The effect of a conditional cash transfer on HIV incidence in young women in rural South Africa (HPTN 068): a phase 3, randomised controlled trial
Read full paper →- Authors
- Audrey Pettifor, Catherine MacPhail, James P. Hughes, Amanda Selin, Jing Wang, F. Xavier Gómez‐Olivé, Susan H. Eshleman, Ryan G. Wagner, Wonderful Mabuza, Nomhle Khoza, Chirayath Suchindran, Immitrude Mokoena, Rhian Twine, P. Andrew, Ellen Townley, Oliver Laeyendecker, Yaw Agyei, Stephen Tollman, Kathleen Kahn
- Journal
- The Lancet Global Health
- Year
- 2016
- Citations
- 264
TL;DR
A three-year study found that giving young women a monthly cash payment conditional on school attendance did not reduce their risk of acquiring HIV, suggesting that this specific financial incentive may not be an effective strategy for this outcome, though school attendance itself was linked to lower risk.
What they tested
This study investigated whether a "conditional cash transfer" could reduce the rate of new HIV infections among young women.

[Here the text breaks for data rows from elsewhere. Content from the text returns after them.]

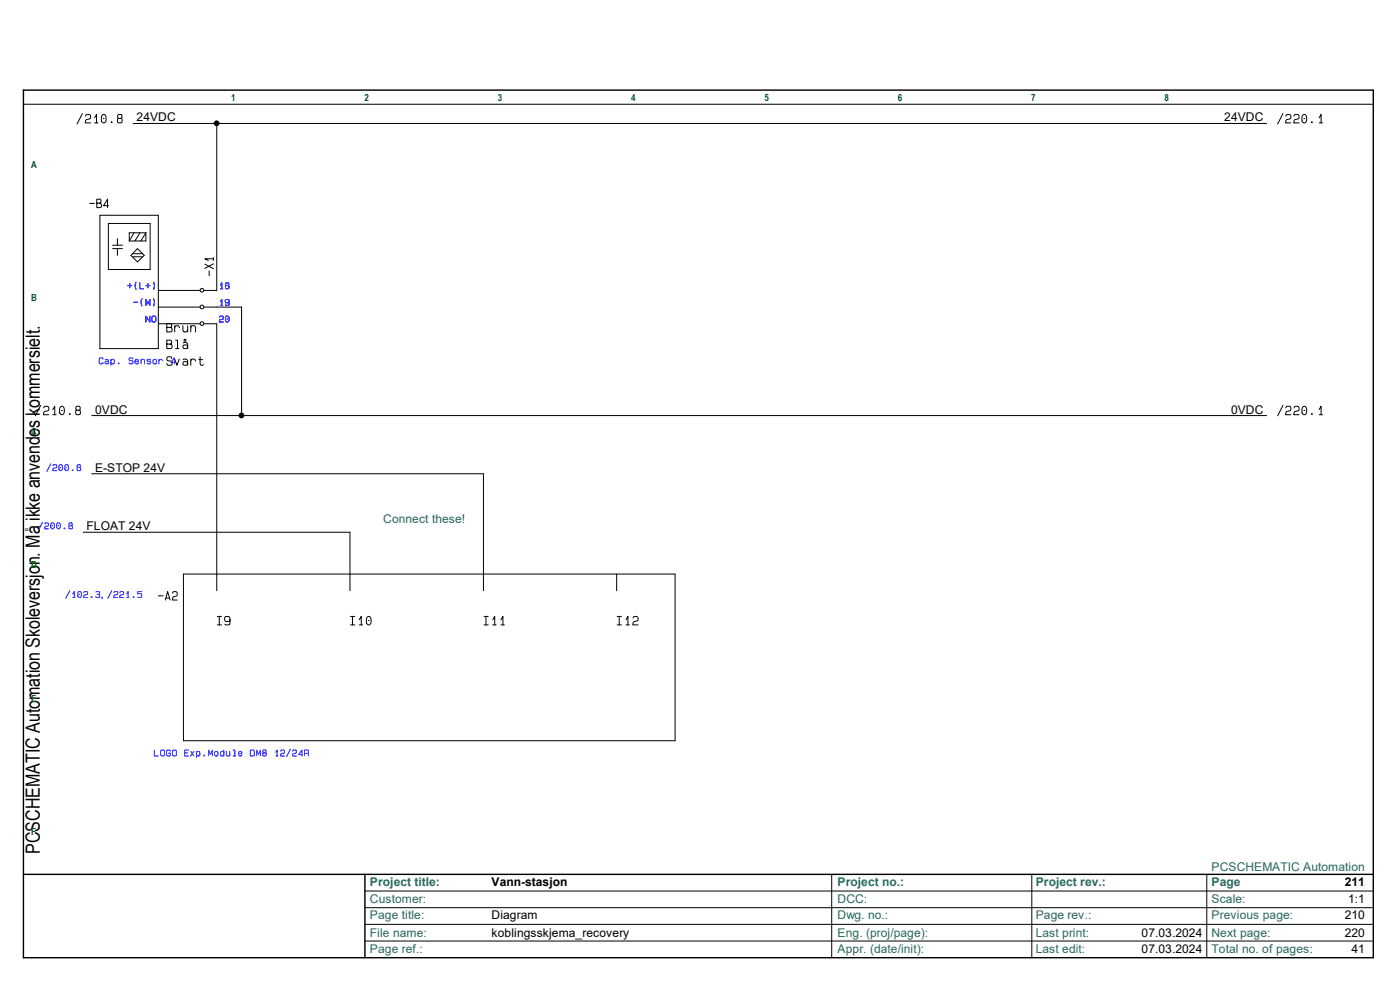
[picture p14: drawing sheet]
<svg xmlns="http://www.w3.org/2000/svg" width="420mm" height="297mm" viewBox="0 0 420 297" stroke-linecap="round" stroke-linejoin="round" font-family="sans-serif">
<defs><g id="words">
<text font-size="5.9" x="12" y="255.9" transform="rotate(-90 12 255.9)">PCSCHEMATIC Automation Skoleversjon. Må ikke anvendes kommersielt.</text>
<g font-size="3.6">
<text x="41" y="36.4">24VDC</text>
<text x="367.3" y="36.4">24VDC</text>
<text x="28.5" y="123.9">0VDC</text>
<text x="369.3" y="123.9">0VDC</text>
<text x="28.5" y="141.4">E-STOP 24V</text>
<text x="26" y="158.9">FLOAT 24V</text>
<text x="147.5" y="265.5">Vann-stasjon</text>
<text x="403.4" y="265.5">211</text>
<text x="147.5" y="275.5">Diagram</text>
<text x="403.4" y="275.5">210</text>
<text x="404.5" y="270.7">1:1</text>
<text x="147.5" y="280.8">koblingsskjema_recovery</text>
<text x="342.5" y="280.8">07.03.2024</text>
<text x="403.4" y="280.8">220</text>
<text x="342.5" y="285.5">07.03.2024</text>
<text x="405.5" y="285.5">41</text>
</g>
<g font-size="3.6" fill="#27675f">
<text x="115" y="156.9">Connect these!</text>
<text x="363.5" y="260.9">PCSCHEMATIC Automation</text>
<text x="111" y="265.5">Project title:</text>
<text x="251.3" y="265.5">Project no.:</text>
<text x="310.7" y="265.5">Project rev.:</text>
<text x="363.5" y="265.5">Page</text>
<text x="111" y="270.7">Customer:</text>
<text x="111" y="275.5">Page title:</text>
<text x="251.3" y="275.5">Dwg. no.:</text>
<text x="251.3" y="270.7">DCC:</text>
<text x="310.7" y="275.5">Page rev.:</text>
<text x="363.5" y="275.5">Previous page:</text>
<text x="363.5" y="270.7">Scale:</text>
<text x="111" y="280.8">File name:</text>
<text x="251.3" y="280.8">Eng. (proj/page):</text>
<text x="310.7" y="280.8">Last print:</text>
<text x="363.5" y="280.8">Next page:</text>
<text x="111" y="285.5">Page ref.:</text>
<text x="251.3" y="285.5">Appr. (date/init):</text>
<text x="310.7" y="285.5">Last edit:</text>
<text x="363.5" y="285.5">Total no. of pages:</text>
</g>
<g font-size="2.9" fill="#008000">
<text x="69.3" y="30.3">1</text>
<text x="109.3" y="30.3">2</text>
<text x="149.4" y="30.3">3</text>
<text x="189.3" y="30.3">4</text>
<text x="229.4" y="30.3">5</text>
<text x="269.3" y="30.3">6</text>
<text x="309.4" y="30.3">7</text>
<text x="349.3" y="30.3">8</text>
<text x="9.3" y="50.3">A</text>
<text x="9.3" y="90.3">B</text>
<text x="9.3" y="130.4">C</text>
<text x="9.3" y="170.3">D</text>
<text x="9.3" y="210.3">E</text>
<text x="9.3" y="250.3">F</text>
</g>
</g></defs>
<path d="M7 27h405v260h-405zM7 262h405M109.5 262v25" fill="none" stroke="#000" stroke-width=".42"/>
<g fill="none" stroke="#000" stroke-width=".3">
<path d="M7.3 31.2h404.7M24.7 34l-1.6 3.2M25.7 34.8l.5-.5 .9 .2v1l-1.3 .4-.2 .9h1.6M28.4 35.3l.6-1v2.5M28.4 36.8h1M30.8 34.4l.2-.1a1.36 1.36 0 0 1 .9 1.3 1.36 1.36 0 0 1-.9 1.2 1.66 1.66 0 0 1-.2-2.4zM31 35.6h.2M35.5 34.4h.9l.2 .9-.4 .2-.9-.2zM35.6 35.5l-.4 .5 .2 .7 .2 .1h.6l.4-.2 .1-.6-.5-.5M40 37h340M65 37v50h-3.8M384.9 34l-1.6 3.2"/>
<path d="M385.7 34.8l.5-.5 1 .2v1l-1.3 .4-.2 .9h1.6M388.2 34.8l.5-.5 .9 .2v1l-1.2 .4-.3 .9h1.6M390.7 34.6l.5-.3a1.36 1.36 0 0 1 .8 1.3 1.36 1.36 0 0 1-.8 1.2l-.2-.1a1.9 1.9 0 0 1-.3-2.1zM391.2 35.6h.2M395.7 35.3l.6-1v2.5M395.7 36.8h1M26.9 61h1.5M29 60.9l1.2-.2-.1-.9-1.1-.1v2.5h.9a.68 .68 0 0 0 .6-.6 .68 .68 0 0 0-.6-.7M30 64.5h17.5v40h-17.5zM32.5 61.6h-1.4l1.2-1.9v2.5M32.5 67h12.5v13.8h-12.5zM33.8 73.5h2.9"/>
<path d="M33.8 74.5h2.9M35.2 71.5v2M35.2 74.5v2M39.8 77h3M39.8 76h3M40.2 69.8l-1.4 2.4M41.2 74.5l2.1 2-2.1 2-1.9-2zM42 69.8l-1.5 2.4M43.8 69.8v2.4h-5M43.8 69.8h-5v2.4M43.8 69.8l-1.6 2.4M61.5 79.2l2.5 1.3"/>
<path d="M64 79.1l-2.5 1.3M64 77.6h-2.5l1 .5M64 77.2v.9M47.5 92h12.5M47.5 87h12.5M47.5 97h12.5M50 98.1l1.5-.1v-.8l-.4-.3h-1.1v2.6h1.1a.68 .68 0 0 0 .6-.7 .68 .68 0 0 0-.6-.7M52.4 98.2l.1-.2a.73 .73 0 0 1 .8-.4 .73 .73 0 0 1 .5 .6M52.4 97.6v1.9M54.9 97.6v1.5a.73 .73 0 0 0 .8 .4 .73 .73 0 0 0 .6-.6M56.3 97.6v1.9M57.2 97.6v1.9"/>
<path d="M57.2 98.2l.1-.2a.73 .73 0 0 1 .8-.4 .73 .73 0 0 1 .6 .6v1.3M61.2 92h11.3v32.5M61.2 97h3.8v80M62.7 81.2v1.4M50 103.1l1.5-.1v-.8l-.4-.3h-1.1v2.6h1.1a.68 .68 0 0 0 .6-.7 .68 .68 0 0 0-.6-.7M51.6 107.4l-.5-.5-.9 .1-.2 .4 .2 .6 1.3 .3 .1 .4-.1 .7h-1.3l-.2-.4M52.4 107.6l.7 1.9 .7-1.9M52.7 104.5h1M52.7 101.9h.6v2.6M54.9 102.8l.1-.1a.87 .87 0 0 1 1.3 .5v1.3M54.9 107.8l.1-.1a.87 .87 0 0 1 1.3 .5v1.3M56.3 103.9a.74 .74 0 0 0-.8-.6 .74 .74 0 0 0-.6 .7l.1 .4 .4 .1 .6-.1 .3-.4"/>
<path d="M56.3 108.9a.74 .74 0 0 0-.8-.6 .74 .74 0 0 0-.6 .7l.1 .4 .4 .1 .6-.1 .3-.4M57.2 108.2l.1-.2a.73 .73 0 0 1 .8-.4 .73 .73 0 0 1 .6 .6M57.2 107.6v1.9M59.6 107.8h1.2M60 106.9l.1 2.3 .3 .3 .6-.2M12.2 121.5l-1.6 3.1M13.1 122.3l.5-.5 1 .2v.9l-1.3 .5-.3 .9h1.6M15.8 122.8l.6-1v2.5M15.8 124.3h1M18 122.1l.5-.3a1.36 1.36 0 0 1 .8 1.2 1.36 1.36 0 0 1-.8 1.3l-.2-.1a1.9 1.9 0 0 1-.3-2.1zM18.5 123h.2M22.9 121.8h1l.1 1-.3 .1-.9-.1z"/>
<path d="M23.1 122.9l-.4 .5 .2 .8 .2 .1h.6l.3-.3 .1-.6-.4-.5M27.5 124.5h352.5M384.9 121.5l-1.6 3.1M385.7 122.3l.5-.5 1 .2v.9l-1.3 .5-.2 .9h1.6M388.2 122.3l.5-.5 .9 .2v.9l-1.2 .5-.3 .9h1.6M390.7 122.1l.5-.3a1.36 1.36 0 0 1 .8 1.2 1.36 1.36 0 0 1-.8 1.3l-.2-.1a1.9 1.9 0 0 1-.3-2.1zM391.2 123h.2M395.7 122.8l.6-1v2.5M395.7 124.3h1M25 159.5h80v17.5M27.5 142h117.5v35M47.5 178.6h1.4"/>
<path d="M49.6 179.8l.7-2.5 .8 2.5M49.8 179.2h1M51.8 177.8v-.3l.4-.2a.67 .67 0 0 1 1 .5l-.3 .8-1.1 .5-.1 .7h1.5M55 172h147.5v50h-147.5zM185 172v5M65.2 187.3h1.3M65.2 184.7h1.3M65.8 184.7v2.6M69 185.8l-.2 .4-.3 .1-.9-.1-.2-.4 .2-1h1.1a2.5 2.5 0 0 1 .2 2.2l-.4 .3-1-.3M105.2 187.3h1.2M105.2 184.7h1.2M105.7 184.7v2.6"/>
<path d="M107.8 185.8l.6-1.1v2.6M107.8 187.3h1M110.3 184.8l.2-.1a1.36 1.36 0 0 1 .9 1.3 1.36 1.36 0 0 1-.9 1.3 1.66 1.66 0 0 1-.2-2.5zM110.5 186h.2M145.2 187.3h1.3M145.2 184.7h1.3M145.8 184.7v2.6M147.8 185.8l.6-1.1v2.6M147.8 187.3h1M150.3 185.8l.6-1.1v2.6M150.3 187.3h1M185.2 187.3h1.2"/>
<path d="M185.2 184.7h1.2M185.8 184.7v2.6M187.8 185.8l.6-1.1v2.6M187.8 187.3h1M189.9 185.3l.5-.6 .9 .3v.9l-1.2 .5-.3 .9h1.6M109.5 272h302.2M109.5 277h302.2M109.5 267h302.5M249.5 262v25M309.5 262v25M362 262v25M109.5 282h302.2"/>
<circle cx="33.5" cy="36.6" r=".13"/>
<circle cx="65" cy="37" r=".72"/>
<circle cx="393.6" cy="36.6" r=".13"/>
<circle cx="60.6" cy="87" r=".55"/>
<circle cx="60.6" cy="92" r=".55"/>
<circle cx="60.6" cy="97" r=".55"/>
<circle cx="55.5" cy="102" r=".3"/>
<circle cx="21" cy="124.1" r=".13"/>
<circle cx="72.4" cy="124.5" r=".72"/>
<circle cx="393.6" cy="124.1" r=".13"/>
</g>
<g fill="#000">
<circle cx="65" cy="37" r=".72"/>
<circle cx="72.4" cy="124.5" r=".72"/>
</g>
<g fill="none" stroke="#00f" stroke-width=".3">
<path d="M38.4 85.6h1.1M38.9 84.9v1.4M40.1 90.6h1.2M40.8 84.6l-.2 .7 .2 1.4M41.9 84.8v1.7h1.2M42.6 89.6l-.3 .7 .3 1.4M43.8 85.6h1.2M43.8 91.5v-1.8l.6 1.4 .6-1.4v1.8M44.4 84.9v1.4M45 94.7v1.8l-1.2-1.8v1.8M45.6 94.9l.7-.2a1.11 1.11 0 0 1 0 1.8 .98 .98 0 0 1-.8-.6 .98 .98 0 0 1 .1-1zM46.1 84.6l.2 .7-.2 1.4"/>
<path d="M46.1 89.6l.2 .7-.2 1.4M65.9 95.1a.61 .61 0 0 1 .8-.3 .61 .61 0 0 1 .3 .8l-1 .2-.2 .7h1.2M66.1 85.4l.4-.6v1.7M66.1 86.5h.7M66.1 90.4l.4-.7v1.8M66.1 91.5h.7M67.7 94.9l.2-.2a.85 .85 0 0 1 .9 .9 .85 .85 0 0 1-.9 .8l-.3-.3zM68 85.6l-.4 .2v.6l.3 .1h.5l.3-.3-.1-.6h-.3M68.1 95.6h.1M68.7 90.4l-.1 .4h-.9l-.1-.4 .1-.7h.9l.1 1.7-.3 .1-.8-.1M30.9 107.6a.62 .62 0 0 0-.7-.3 .62 .62 0 0 0-.5 .7 .76 .76 0 0 0 .2 .9 .76 .76 0 0 0 1 0v-.3M31.6 107.8l.6-.1 .3 .3v1.1"/>
<path d="M32.5 108.6l-.1-.3h-.7l-.2 .3 .3 .5 .6-.1 .1-.3M33.3 108.1l.3-.4 .7 .3-.1 1-.6 .1-.3-.5M33.3 107.7v1.8M39.9 107.6l-.2-.3h-.8l-.1 .7 1.1 .3v.6l-.9 .2-.3-.4M40.5 108.3h1l-.1-.5-.3-.1-.5 .1-.1 .8 .3 .5 .6-.1 .1-.4M42.3 107.7v1.4M42.3 108.1l.4-.4 .6 .1v1.3M45.1 108l-.3-.3-.6 .1v.4l.8 .2 .2 .4-.3 .3-.8-.3M46.1 107.8h.7v1.2h-.7l-.2-.4zM47.7 108.1l.3-.4 .6 .1 .1 .3M47.7 107.7v1.4M52.5 108.6h-1.2l1-1.3v1.8"/>
<path d="M15.2 139l-1.1 2.3M15.9 139.6a.61 .61 0 0 1 .8-.3 .61 .61 0 0 1 .3 .8l-1 .3-.2 .7h1.2M17.8 139.4l.1-.1a.85 .85 0 0 1 .9 .8 .85 .85 0 0 1-.9 .9l-.2-.4zM19.6 139.4l.1-.1a.85 .85 0 0 1 .9 .8 .85 .85 0 0 1-.9 .9l-.2-.4zM12.8 156.5l-1.2 2.3M13.5 157.1a.61 .61 0 0 1 .8-.3 .61 .61 0 0 1 .3 .8l-1.1 .2-.1 .7h1.2M15.3 156.9l.2-.2a.85 .85 0 0 1 .9 .9 .85 .85 0 0 1-.9 .8l-.3-.3zM15.7 157.6h.1M17.1 156.9l.2-.2a.85 .85 0 0 1 .8 .9 .85 .85 0 0 1-.8 .8l-.3-.3zM17.4 157.6h.2M18.1 140.1h.2M19.9 140.1h.2"/>
<path d="M21 157.6l-.3 .1v.6l.7 .2 .4-.6-.2-.3h-.3M23.5 140.1l-.4 .2v.6l.3 .2h.5l.3-.4-.2-.6h-.2M20.9 177l-1.2 2.3M21.8 178l.5-.7v1.8M21.8 179.1h.7M23.6 177.3a.85 .85 0 0 1 .9 .8 .85 .85 0 0 1-.9 .9l-.2-.4v-1zM23.8 178.1h.2M25.1 177.6a.61 .61 0 0 1 .9-.3 .61 .61 0 0 1 .2 .8l-1 .3-.1 .7h1.1M28.8 177.5l.1-.2h.8l.1 .7-.7 .1M29.5 178.1l.4 .2a.65 .65 0 0 1-.4 .8 .65 .65 0 0 1-.8-.3M30.6 179v.5M33.5 177l-1.2 2.3"/>
<path d="M34.2 177.6a.61 .61 0 0 1 .8-.3 .61 .61 0 0 1 .3 .8l-1 .3-.2 .7h1.2M36 177.6a.61 .61 0 0 1 .8-.3 .61 .61 0 0 1 .3 .8l-1 .3-.2 .7h1.2M38 178l.4-.7v1.8M38 179.1h.7M42.5 177.3h-1.2v.8l.4-.2 .8 .2v.8l-1.2 .1M46.3 224.8v1.8h1.2M48.3 225l.6-.2a1.11 1.11 0 0 1 0 1.8 .98 .98 0 0 1-.8-.6 .98 .98 0 0 1 .2-1zM51.1 225.1a.62 .62 0 0 0-.7-.3 .62 .62 0 0 0-.4 .7v.4a.62 .62 0 0 0 .7 .7 .62 .62 0 0 0 .4-.9h-.6M51.8 225l.7-.2a1.11 1.11 0 0 1 0 1.8 .98 .98 0 0 1-.8-.6 .98 .98 0 0 1 .1-1zM55.4 225.6h.9M56.6 224.8h-1.2v1.8h1.2M57.2 225.2l1 1.4"/>
<path d="M58.2 225.2l-1.1 1.4M58.9 225.6l.4-.4 .6 .3v1l-.6 .1-.4-.5M58.9 225.2v1.8M62.6 226.6v-1.8l.6 1.3 .6-1.3v1.8M64.5 225.3h.8v1.2h-.8l-.2-.4zM67.1 225.6l-.3-.4-.5 .1-.2 .3v.5l.4 .5 .6-.1v-.4M67.1 224.8v1.8M67.9 225.2l.2 1.3h.7l.1-.4M68.9 225.2v1.4M69.9 226.6h.8M69.9 224.8h.5v1.8M71.5 225.8h1.1l-.1-.5-.3-.1-.5 .1-.2 .8 .4 .5 .6-.1 .1-.4"/>
<path d="M75.1 224.8h.8a1.11 1.11 0 0 1 0 1.8h-.8zM77 226.6v-1.8l.6 1.3 .5-1.3v1.8M79.2 225.6l-.4 .2v.6l.3 .2h.5l.3-.4-.1-.6h-.3M82.7 225.5l.4-.7v1.8M82.7 226.6h.7M84.2 225.1a.61 .61 0 0 1 .8-.3 .61 .61 0 0 1 .3 .8l-1 .3-.1 .7h1.1M87.1 224.5l-1.2 2.3M87.8 225.1a.61 .61 0 0 1 .8-.3 .61 .61 0 0 1 .3 .8l-1 .3-.2 .7h1.2M90.8 226.1h-1.2l1-1.3v1.8M91.4 225.8l1.1-.2v-.6l-1.1-.2v1.8M92.3 225.8l.2 .2v.6"/>
<circle cx="68.1" cy="85.1" r=".52"/>
<circle cx="35.6" cy="108.9" r=".13"/>
<circle cx="23.6" cy="139.7" r=".52"/>
<circle cx="19.3" cy="158.4" r=".13"/>
<circle cx="21.2" cy="157.1" r=".52"/>
<circle cx="21.8" cy="140.9" r=".13"/>
<circle cx="27.5" cy="178.9" r=".13"/>
<circle cx="30.6" cy="178.9" r=".04"/>
<circle cx="40.1" cy="178.9" r=".13"/>
<circle cx="61.3" cy="226.4" r=".13"/>
<circle cx="79.3" cy="225.2" r=".52"/>
</g>
<use href="#words"/>
</svg>

The **intervention** group received a monthly cash payment. This payment was "conditional" on the participant attending at least 80% of school days each month. The exact amount of the cash transfer is not specified in the abstract, but it was designed to be a meaningful incentive in the local context.
The **comparator** group received no cash transfer and continued with their lives as usual, without any specific financial incentive linked to school attendance.
The **primary outcome measure** was HIV incidence, which means the rate at which new HIV infections occurred in each group over the study period. A secondary outcome was the incidence of herpes simplex virus type 2 (HSV-2), though results for this are not detailed in the abstract. The study also explored the relationship between school attendance and HIV risk.
Who was studied
The study enrolled **2,537 young women** and their parents or guardians. Initially, 10,134 young women were screened, but 2,537 met the strict eligibility criteria and were enrolled.
The participants were **girls aged 13-20 years old** at the start of the study. The median age was 15 years, with an interquartile range (IQR) of 14-17 years, meaning half of the girls were between 14 and 17 years old.
All participants were:
Enrolled in school, specifically in grades 8-11.
Not married or pregnant at the time of enrollment.
Able to read.
Residing in the study area (rural Bushbuckridge subdistrict in Mpumalanga province, South Africa) and intending to remain there until the trial was completed.
Both the young woman and her parent or guardian had the necessary documentation to open a bank account, which was required for receiving the cash transfers.
At baseline, 672 (27%) of the enrolled participants reported having had sex at least once.
The study was conducted in a **rural setting in South Africa**, a region with a high burden of HIV.
How they measured it
The researchers used a combination of methods to collect data:
**HIV and HSV-2 testing:** At baseline (the start of the study) and then annually at 12, 24, and 36 months, participants underwent HIV and herpes simplex virus type 2 (HSV-2) testing. These were objective biological tests, likely blood tests, to determine infection status. This is the most direct and reliable way to measure the primary outcome.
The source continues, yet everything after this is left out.